Psychopathy and Pride: Testing Lykken's Hypothesis Regarding the Implications of Fearlessness for Prosocial and Antisocial Behavior
Web of Science
AuthorCostello, TH; Unterberger, A; Watts, AL; Lilienfeld, SO
Source TitleFrontiers in Psychology
PublisherFRONTIERS MEDIA SA
University of Melbourne Author/sLilienfeld, Scott
AffiliationMelbourne School of Psychological Sciences
Document TypeJournal Article
CitationsCostello, T. H., Unterberger, A., Watts, A. L. & Lilienfeld, S. O. (2018). Psychopathy and Pride: Testing Lykken's Hypothesis Regarding the Implications of Fearlessness for Prosocial and Antisocial Behavior. FRONTIERS IN PSYCHOLOGY, 9 (FEB), https://doi.org/10.3389/fpsyg.2018.00185.
Access StatusOpen Access
Despite widespread assumptions that psychopathy is associated with serious and repeated law-breaking, individuals with psychopathic personality traits do not invariably become chronic criminal offenders.
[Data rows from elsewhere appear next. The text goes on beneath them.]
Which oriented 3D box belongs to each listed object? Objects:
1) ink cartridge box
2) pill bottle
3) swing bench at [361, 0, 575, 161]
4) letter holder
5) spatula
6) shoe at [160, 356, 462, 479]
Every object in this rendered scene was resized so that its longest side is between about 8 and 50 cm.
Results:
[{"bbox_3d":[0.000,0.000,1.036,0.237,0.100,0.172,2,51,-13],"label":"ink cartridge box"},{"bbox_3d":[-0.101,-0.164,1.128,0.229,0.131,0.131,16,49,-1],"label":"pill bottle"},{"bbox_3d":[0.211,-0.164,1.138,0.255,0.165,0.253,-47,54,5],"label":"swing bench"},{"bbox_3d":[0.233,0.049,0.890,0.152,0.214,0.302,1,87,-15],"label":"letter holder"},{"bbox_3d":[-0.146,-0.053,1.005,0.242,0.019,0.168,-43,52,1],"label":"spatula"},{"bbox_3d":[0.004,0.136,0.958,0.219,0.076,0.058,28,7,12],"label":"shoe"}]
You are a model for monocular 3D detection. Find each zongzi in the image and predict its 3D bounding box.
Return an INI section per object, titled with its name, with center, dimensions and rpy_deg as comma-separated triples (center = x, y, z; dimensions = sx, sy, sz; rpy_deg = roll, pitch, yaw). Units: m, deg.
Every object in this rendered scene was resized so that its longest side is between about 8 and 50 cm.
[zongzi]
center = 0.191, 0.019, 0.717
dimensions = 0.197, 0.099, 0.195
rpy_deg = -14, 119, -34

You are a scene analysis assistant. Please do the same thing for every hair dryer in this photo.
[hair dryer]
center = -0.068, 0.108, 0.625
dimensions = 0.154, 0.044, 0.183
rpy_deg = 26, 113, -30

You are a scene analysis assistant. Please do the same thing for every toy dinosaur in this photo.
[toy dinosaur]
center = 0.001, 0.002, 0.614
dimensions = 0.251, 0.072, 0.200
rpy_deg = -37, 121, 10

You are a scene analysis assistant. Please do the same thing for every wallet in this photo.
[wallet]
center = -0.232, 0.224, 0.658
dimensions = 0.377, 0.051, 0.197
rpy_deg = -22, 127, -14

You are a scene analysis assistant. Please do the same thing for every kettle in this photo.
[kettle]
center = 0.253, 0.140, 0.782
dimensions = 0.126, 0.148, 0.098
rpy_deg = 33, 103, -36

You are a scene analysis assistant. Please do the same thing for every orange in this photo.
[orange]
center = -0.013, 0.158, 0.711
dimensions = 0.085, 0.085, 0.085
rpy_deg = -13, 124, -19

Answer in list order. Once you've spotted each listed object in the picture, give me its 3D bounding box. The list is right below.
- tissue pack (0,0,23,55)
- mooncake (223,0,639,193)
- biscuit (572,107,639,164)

As a partial explanation for this finding, Lykken (1995) ventured that a fearless temperament underlies both psychopathic traits and heroic behavior, and that heroic individuals' early exposure to effective socializing forces such as warm parenting or healthy self-esteem often fosters a characteristic adaption that tends to beget "successful" behaviors, thereby differentiating heroes from convicts. In this study, we investigate relations between psychopathy, principally its fearless dominance dimension, pride, and prosocial and antisocial behavior in a community sample (N = 339). Fearless dominance and self-centered impulsivity components of psychopathy yielded differential relations with authentic and hubristic pride (Tracy and Robins, 2004), such that fearless dominance was significantly positively correlated with both facets of pride while self-centered Impulsivity was significantly negatively correlated with authentic pride and significantly positively correlated with hubristic pride. Further, authentic pride moderated (potentiated) the relation between fearless dominance and transformational leadership, one of the two outcome measures for prosocial behavior employed in our investigation. Authentic pride did not moderate the relations between fearless dominance and either our other measure of prosocial behavior (heroism) or antisocial behavior, nor did positive parenting moderate the relations between psychopathy components and social behavior. Unexpectedly, hubristic pride significantly moderated the relation between impulsive-antisocial features and antisocial behavior in a protective manner.